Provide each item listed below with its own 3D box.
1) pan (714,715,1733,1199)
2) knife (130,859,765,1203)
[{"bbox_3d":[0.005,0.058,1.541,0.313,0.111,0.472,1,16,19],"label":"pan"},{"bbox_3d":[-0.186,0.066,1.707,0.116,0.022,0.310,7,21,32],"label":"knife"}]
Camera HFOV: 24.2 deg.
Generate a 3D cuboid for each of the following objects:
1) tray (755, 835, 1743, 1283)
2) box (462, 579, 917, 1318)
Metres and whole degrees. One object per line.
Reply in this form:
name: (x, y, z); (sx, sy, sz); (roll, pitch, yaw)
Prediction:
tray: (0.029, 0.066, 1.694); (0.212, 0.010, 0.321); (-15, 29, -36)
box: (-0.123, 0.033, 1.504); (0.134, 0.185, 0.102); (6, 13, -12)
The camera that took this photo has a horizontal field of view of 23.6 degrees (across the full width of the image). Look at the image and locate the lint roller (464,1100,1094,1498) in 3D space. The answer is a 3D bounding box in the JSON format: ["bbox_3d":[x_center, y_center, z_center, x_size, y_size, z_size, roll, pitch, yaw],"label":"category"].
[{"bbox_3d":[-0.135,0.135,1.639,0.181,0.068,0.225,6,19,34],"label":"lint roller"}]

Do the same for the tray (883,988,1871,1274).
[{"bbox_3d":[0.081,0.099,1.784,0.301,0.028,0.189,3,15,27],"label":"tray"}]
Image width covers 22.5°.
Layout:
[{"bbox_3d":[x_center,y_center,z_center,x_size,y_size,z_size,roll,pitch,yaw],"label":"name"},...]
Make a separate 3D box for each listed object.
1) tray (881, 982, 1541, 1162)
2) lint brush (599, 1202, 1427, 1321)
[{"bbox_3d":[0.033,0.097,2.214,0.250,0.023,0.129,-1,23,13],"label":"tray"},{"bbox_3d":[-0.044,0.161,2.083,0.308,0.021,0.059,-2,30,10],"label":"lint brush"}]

__PROBLEM DESCRIPTION__.
The lines above should be duplicated exactly.

__REPLY TO THE TASK__.
Provide each item listed below with its own 3D box.
1) pan (714,715,1733,1199)
2) knife (130,859,765,1203)
[{"bbox_3d":[0.005,0.058,1.541,0.313,0.111,0.472,1,16,19],"label":"pan"},{"bbox_3d":[-0.186,0.066,1.707,0.116,0.022,0.310,7,21,32],"label":"knife"}]
Camera HFOV: 24.2 deg.
Generate a 3D cuboid for each of the following objects:
1) tray (755, 835, 1743, 1283)
2) box (462, 579, 917, 1318)
Metres and whole degrees. One object per line.
Reply in this form:
name: (x, y, z); (sx, sy, sz); (roll, pitch, yaw)
Prediction:
tray: (0.029, 0.066, 1.694); (0.212, 0.010, 0.321); (-15, 29, -36)
box: (-0.123, 0.033, 1.504); (0.134, 0.185, 0.102); (6, 13, -12)
The camera that took this photo has a horizontal field of view of 23.6 degrees (across the full width of the image). Look at the image and locate the lint roller (464,1100,1094,1498) in 3D space. The answer is a 3D bounding box in the JSON format: ["bbox_3d":[x_center, y_center, z_center, x_size, y_size, z_size, roll, pitch, yaw],"label":"category"].
[{"bbox_3d":[-0.135,0.135,1.639,0.181,0.068,0.225,6,19,34],"label":"lint roller"}]

Do the same for the tray (883,988,1871,1274).
[{"bbox_3d":[0.081,0.099,1.784,0.301,0.028,0.189,3,15,27],"label":"tray"}]
Image width covers 22.5°.
Layout:
[{"bbox_3d":[x_center,y_center,z_center,x_size,y_size,z_size,roll,pitch,yaw],"label":"name"},...]
Make a separate 3D box for each listed object.
1) tray (881, 982, 1541, 1162)
2) lint brush (599, 1202, 1427, 1321)
[{"bbox_3d":[0.033,0.097,2.214,0.250,0.023,0.129,-1,23,13],"label":"tray"},{"bbox_3d":[-0.044,0.161,2.083,0.308,0.021,0.059,-2,30,10],"label":"lint brush"}]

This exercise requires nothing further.